Sepakbola

Samuel Eto’o Disanksi Berat CAF: Skorsing 4 Laga dan Denda Rp 338 Juta

Advertisement

Kamerun – Legenda sepak bola Kamerun, Samuel Eto’o, yang kini menjabat sebagai Presiden Federasi Sepakbola Kamerun (FECAFOOT), dijatuhi sanksi berat oleh Komite Disiplin Federasi Sepakbola Afrika (CAF). Eto’o diskorsing dari empat pertandingan resmi timnas Kamerun dan dikenai denda sebesar 20 ribu dolar AS atau sekitar Rp 338 juta.
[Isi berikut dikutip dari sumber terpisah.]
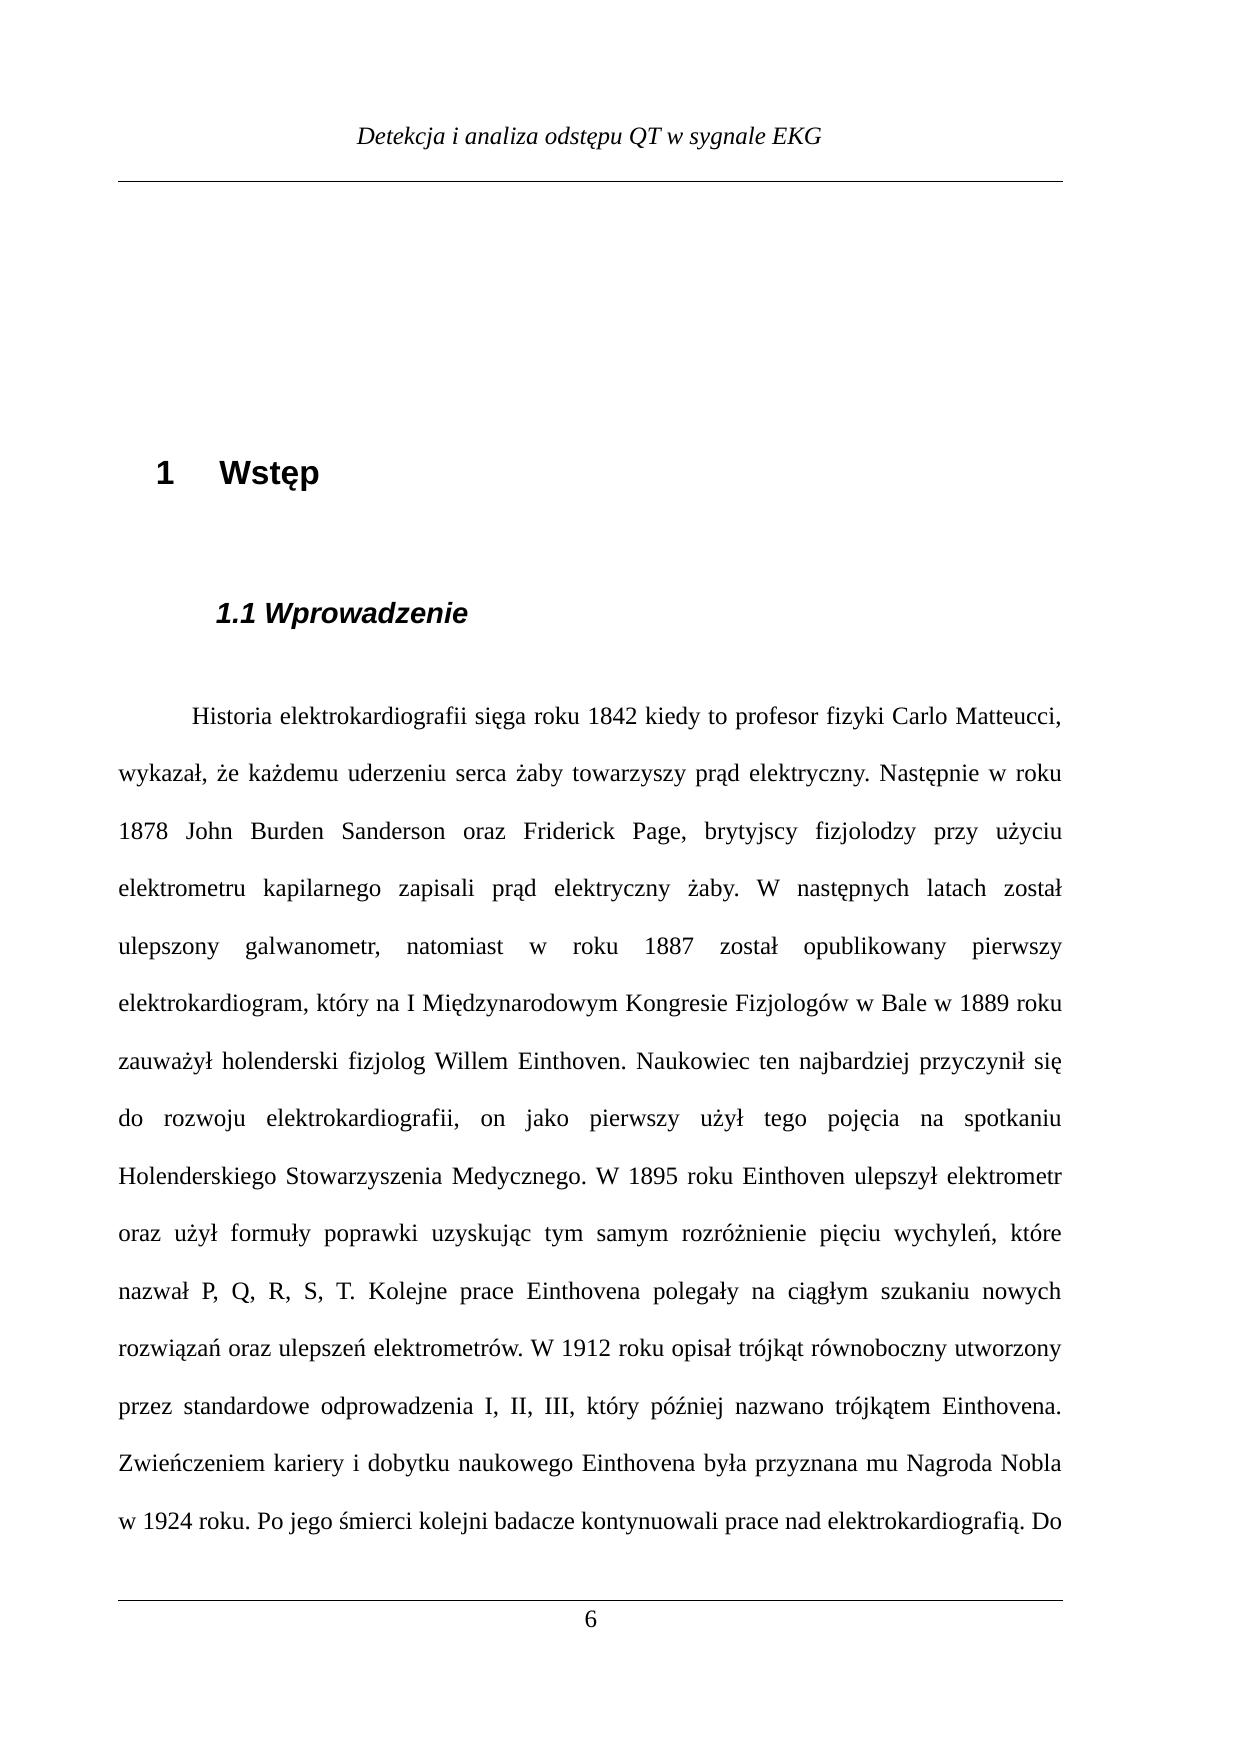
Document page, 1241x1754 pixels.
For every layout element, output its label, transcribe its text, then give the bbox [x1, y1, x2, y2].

text Historia elektrokardiografii sięga roku 1842 kiedy to profesor fizyki Carlo Matteucci, wykazał, że każdemu uderzeniu serca żaby towarzyszy prąd elektryczny. Następnie w roku 1878 John Burden Sanderson oraz Friderick Page, brytyjscy fizjolodzy przy użyciu elektrometru kapilarnego zapisali prąd elektryczny żaby. W następnych latach został ulepszony galwanometr, natomiast w roku 1887 został opublikowany pierwszy elektrokardiogram, który na I Międzynarodowym Kongresie Fizjologów w Bale w 1889 roku zauważył holenderski fizjolog Willem Einthoven. Naukowiec ten najbardziej przyczynił się do rozwoju elektrokardiografii, on jako pierwszy użył tego pojęcia na spotkaniu Holenderskiego Stowarzyszenia Medycznego. W 1895 roku Einthoven ulepszył elektrometr oraz użył formuły poprawki uzyskując tym samym rozróżnienie pięciu wychyleń, które nazwał P, Q, R, S, T. Kolejne prace Einthovena polegały na ciągłym szukaniu nowych rozwiązań oraz ulepszeń elektrometrów. W 1912 roku opisał trójkąt równoboczny utworzony przez standardowe odprowadzenia I, II, III, który później nazwano trójkątem Einthovena. Zwieńczeniem kariery i dobytku naukowego Einthovena była przyznana mu Nagroda Nobla w 1924 roku. Po jego śmierci kolejni badacze kontynuowali prace nad elektrokardiografią. Do [118, 686, 1063, 1534]
subtitle Wstęp [156, 453, 1063, 491]
subtitle 1.1 Wprowadzenie [156, 596, 1063, 630]
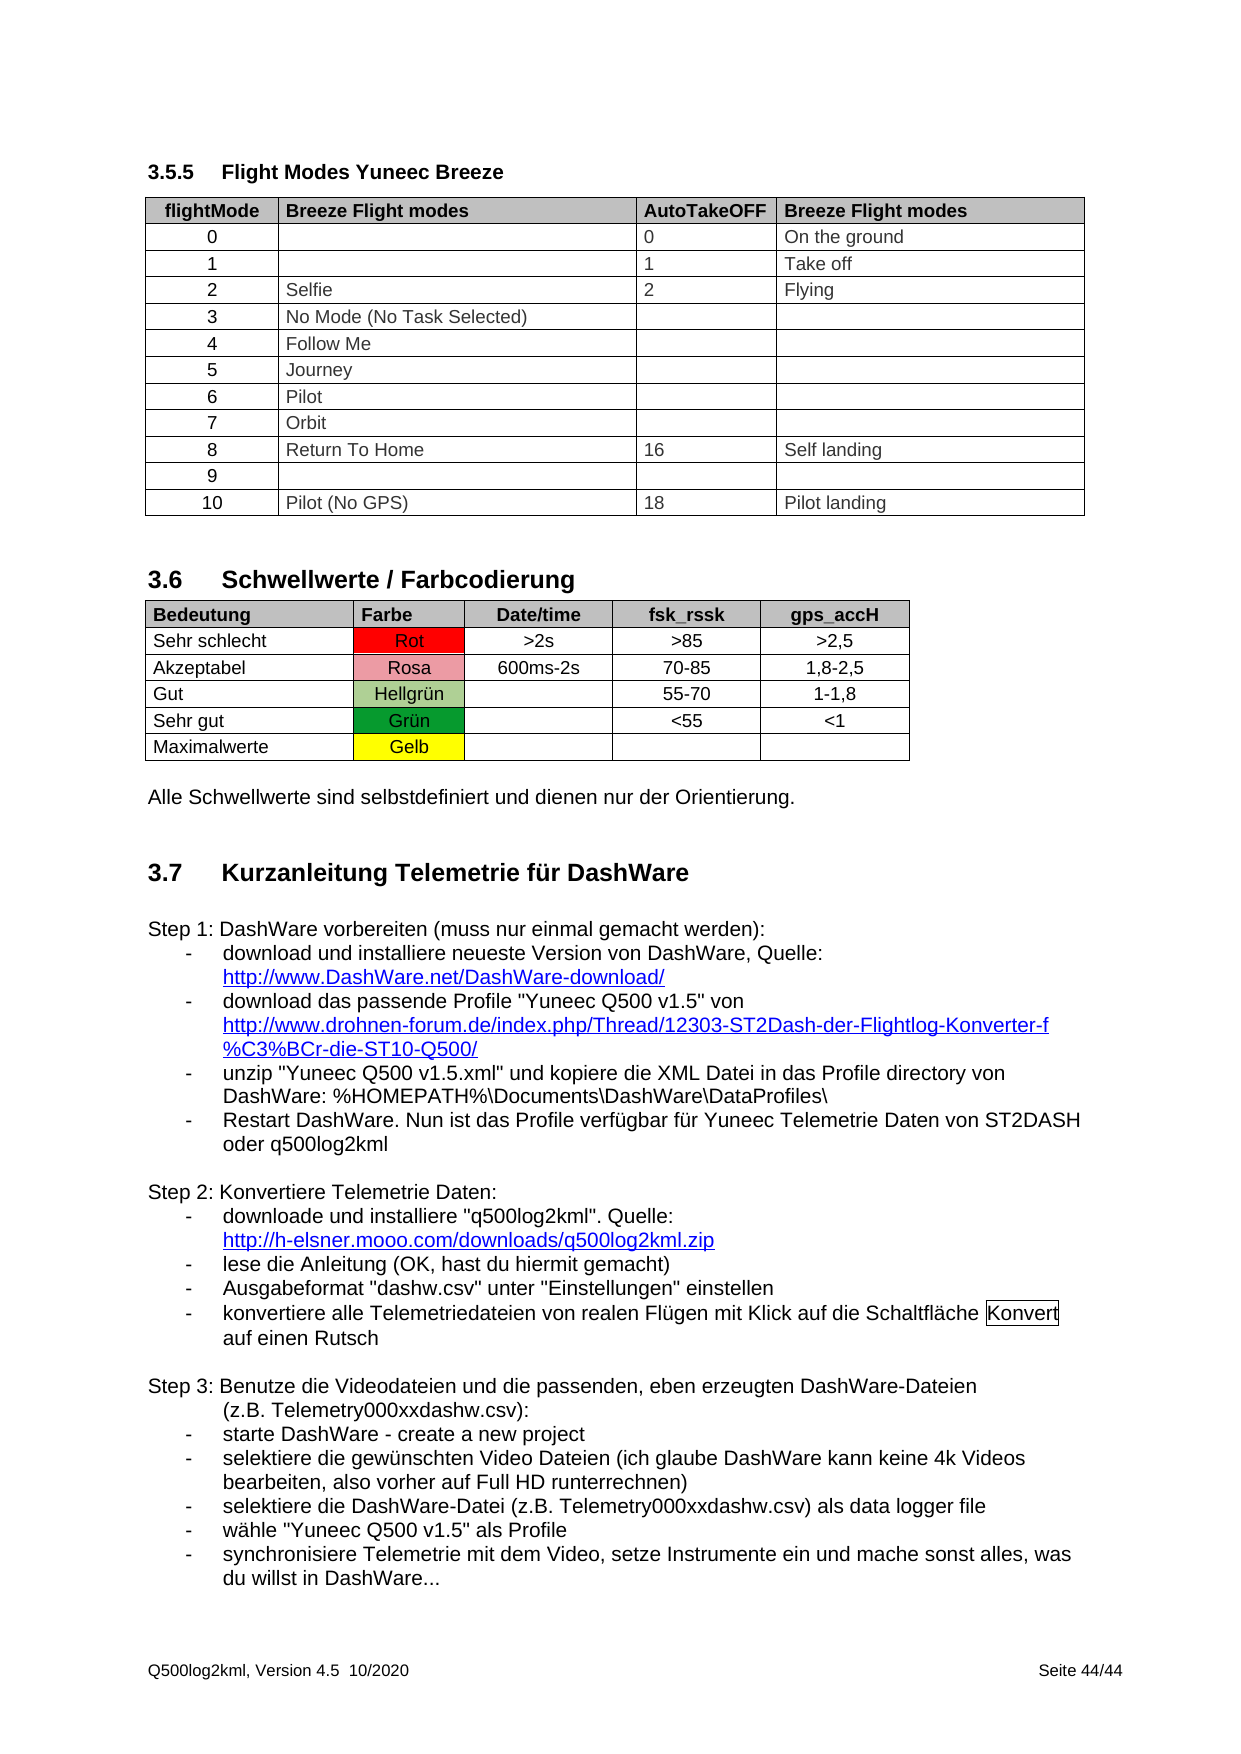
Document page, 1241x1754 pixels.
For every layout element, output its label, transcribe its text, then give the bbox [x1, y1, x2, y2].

table_header AutoTakeOFF [637, 198, 776, 223]
table_cell Grün [354, 708, 464, 733]
table_cell 6 [146, 384, 278, 409]
list Restart DashWare. Nun ist das Profile verfügbar für Yuneec Telemetrie Daten von ST2DASH oder q500log2kml [185, 1108, 1093, 1156]
table_cell 0 [146, 224, 278, 250]
table_cell 4 [146, 330, 278, 356]
table_header gps_accH [761, 601, 909, 627]
table_cell 18 [637, 490, 776, 515]
list download das passende Profile "Yuneec Q500 v1.5" von http://www.drohnen-forum.de/index.php/Thread/12303-ST2Dash-der-Flightlog-Konverter-f%C3%BCr-die-ST10-Q500/ [185, 988, 1093, 1060]
table_cell Orbit [279, 410, 636, 436]
table_header flightMode [146, 198, 278, 223]
table_cell 3 [146, 304, 278, 329]
table_header Breeze Flight modes [777, 198, 1084, 223]
subtitle Flight Modes Yuneec Breeze [148, 160, 1093, 184]
table_cell >85 [613, 628, 760, 653]
table_cell Self landing [777, 437, 1084, 462]
table_cell Sehr gut [146, 708, 353, 733]
table_cell Take off [777, 251, 1084, 276]
text Alle Schwellwerte sind selbstdefiniert und dienen nur der Orientierung. [148, 785, 1093, 809]
table_header Bedeutung [146, 601, 353, 627]
table_cell 70-85 [613, 655, 760, 680]
table_cell 8 [146, 437, 278, 462]
list lese die Anleitung (OK, hast du hiermit gemacht) [185, 1252, 1093, 1276]
table_cell [777, 410, 1084, 436]
table_cell Return To Home [279, 437, 636, 462]
table_cell [465, 681, 612, 707]
table_cell Maximalwerte [146, 734, 353, 760]
table_cell <55 [613, 708, 760, 733]
subtitle Kurzanleitung Telemetrie für DashWare [148, 858, 1093, 886]
table_cell >2s [465, 628, 612, 653]
table_cell 10 [146, 490, 278, 515]
table_cell [465, 734, 612, 760]
table_cell [777, 463, 1084, 489]
table_cell [637, 330, 776, 356]
list wähle "Yuneec Q500 v1.5" als Profile [185, 1518, 1093, 1542]
list selektiere die gewünschten Video Dateien (ich glaube DashWare kann keine 4k Videos bearbeiten, also vorher auf Full HD runterrechnen) [185, 1446, 1093, 1494]
table_cell Gelb [354, 734, 464, 760]
table_cell 600ms-2s [465, 655, 612, 680]
table_cell Pilot (No GPS) [279, 490, 636, 515]
list downloade und installiere "q500log2kml". Quelle: http://h-elsner.mooo.com/downloads/q500log2kml.zip [185, 1204, 1093, 1252]
table_cell Akzeptabel [146, 655, 353, 680]
table_cell Rosa [354, 655, 464, 680]
table_cell 9 [146, 463, 278, 489]
table_cell 7 [146, 410, 278, 436]
table_cell [777, 384, 1084, 409]
table_cell [279, 224, 636, 250]
table_cell Sehr schlecht [146, 628, 353, 653]
table_cell [613, 734, 760, 760]
table_cell No Mode (No Task Selected) [279, 304, 636, 329]
table_cell On the ground [777, 224, 1084, 250]
table_cell 5 [146, 357, 278, 382]
table_cell 1 [637, 251, 776, 276]
table_cell [777, 304, 1084, 329]
table_cell [761, 734, 909, 760]
text Step 1: DashWare vorbereiten (muss nur einmal gemacht werden): [148, 917, 1093, 941]
table_cell [637, 410, 776, 436]
list synchronisiere Telemetrie mit dem Video, setze Instrumente ein und mache sonst alles, was du willst in DashWare... [185, 1542, 1093, 1589]
list download und installiere neueste Version von DashWare, Quelle: http://www.DashWare.net/DashWare-download/ [185, 941, 1093, 988]
table_cell [279, 463, 636, 489]
table_cell Journey [279, 357, 636, 382]
list selektiere die DashWare-Datei (z.B. Telemetry000xxdashw.csv) als data logger file [185, 1494, 1093, 1518]
table_cell [777, 357, 1084, 382]
list Ausgabeformat "dashw.csv" unter "Einstellungen" einstellen [185, 1276, 1093, 1300]
table_cell 55-70 [613, 681, 760, 707]
table_header Breeze Flight modes [279, 198, 636, 223]
table_cell <1 [761, 708, 909, 733]
table_cell [637, 357, 776, 382]
table_cell [637, 384, 776, 409]
table_cell [465, 708, 612, 733]
table_cell Follow Me [279, 330, 636, 356]
list konvertiere alle Telemetriedateien von realen Flügen mit Klick auf die Schaltfläche Konvert auf einen Rutsch [185, 1300, 1093, 1350]
table_cell 0 [637, 224, 776, 250]
text Step 3: Benutze die Videodateien und die passenden, eben erzeugten DashWare-Dateien (z.B. Telemetry000xxdashw.csv): [148, 1374, 1093, 1422]
table_cell 1 [146, 251, 278, 276]
table_cell Gut [146, 681, 353, 707]
list starte DashWare - create a new project [185, 1422, 1093, 1446]
table_cell [777, 330, 1084, 356]
table_header fsk_rssk [613, 601, 760, 627]
table_cell 2 [637, 277, 776, 303]
subtitle Schwellwerte / Farbcodierung [148, 565, 1093, 594]
table_cell Hellgrün [354, 681, 464, 707]
table_cell Flying [777, 277, 1084, 303]
table_cell 16 [637, 437, 776, 462]
table_cell [279, 251, 636, 276]
table_cell Pilot landing [777, 490, 1084, 515]
table_header Farbe [354, 601, 464, 627]
table_cell 2 [146, 277, 278, 303]
table_header Date/time [465, 601, 612, 627]
table_cell Rot [354, 628, 464, 653]
table_cell 1-1,8 [761, 681, 909, 707]
list unzip "Yuneec Q500 v1.5.xml" und kopiere die XML Datei in das Profile directory von DashWare: %HOMEPATH%\Documents\DashWare\DataProfiles\ [185, 1060, 1093, 1108]
table_cell >2,5 [761, 628, 909, 653]
table_cell [637, 304, 776, 329]
table_cell Selfie [279, 277, 636, 303]
table_cell 1,8-2,5 [761, 655, 909, 680]
text Step 2: Konvertiere Telemetrie Daten: [148, 1180, 1093, 1204]
table_cell Pilot [279, 384, 636, 409]
table_cell [637, 463, 776, 489]

Aksi di Piala Afrika 2025 Berujung Sanksi

Sanksi ini dijatuhkan setelah CAF melakukan investigasi atas aksi Eto’o saat Kamerun menghadapi tuan rumah Maroko dalam laga perempat final Piala Afrika 2025. Pertandingan tersebut berakhir dengan kekalahan 0-2 untuk Kamerun.

Eto’o tertangkap kamera menunjukkan gestur marah dan menunjuk-nunjuk delegasi Maroko serta Presiden Federasi Sepakbola Maroko, Fouzi Lekjaa, serta Presiden CAF, Patrice Motsepe, yang duduk di tribun VIP. Kemarahan Eto’o diduga dipicu oleh keputusan wasit yang dinilai merugikan timnya.

Akibat tindakannya tersebut, Eto’o dianggap melanggar kode disiplin CAF dan dikenai larangan hadir di empat pertandingan resmi Kamerun ke depan, serta denda finansial.

FECAFOOT Kecam Sanksi CAF

Menanggapi sanksi tersebut, FECAFOOT mengeluarkan pernyataan keras yang mengecam tindakan CAF. Federasi sepak bola Kamerun menilai CAF telah bertindak sewenang-wenang dan prosedur yang dilakukan untuk menjatuhkan hukuman dinilai bermasalah.

Advertisement

“Fecafoot juga mencatat bahwa prosedur yang dilakukan untuk memutuskan hukuman ini mengundang permasalahan serius terkait persyaratan mendasar dari sebuah sidang agar adil,” demikian bunyi pernyataan resmi FECAFOOT.

FECAFOOT menegaskan kembali dukungan penuhnya kepada Presiden Eto’o dan komitmen untuk menghormati prinsip-prinsip peradilan disiplin yang kredibel.

Rekam Jejak Kontroversi Eto’o sebagai Presiden FECAFOOT

Ini bukan kali pertama Samuel Eto’o terlibat dalam kontroversi sejak menjabat sebagai Presiden FECAFOOT. Sebelumnya, Eto’o sempat berselisih dengan pelatih timnas Kamerun, Marc Brys, sebelum turnamen Piala Afrika dimulai.

Eto’o bahkan sempat memecat Brys secara sepihak dan menunjuk David Pagou sebagai penggantinya. Keputusan ini sempat menimbulkan keberatan dari Brys.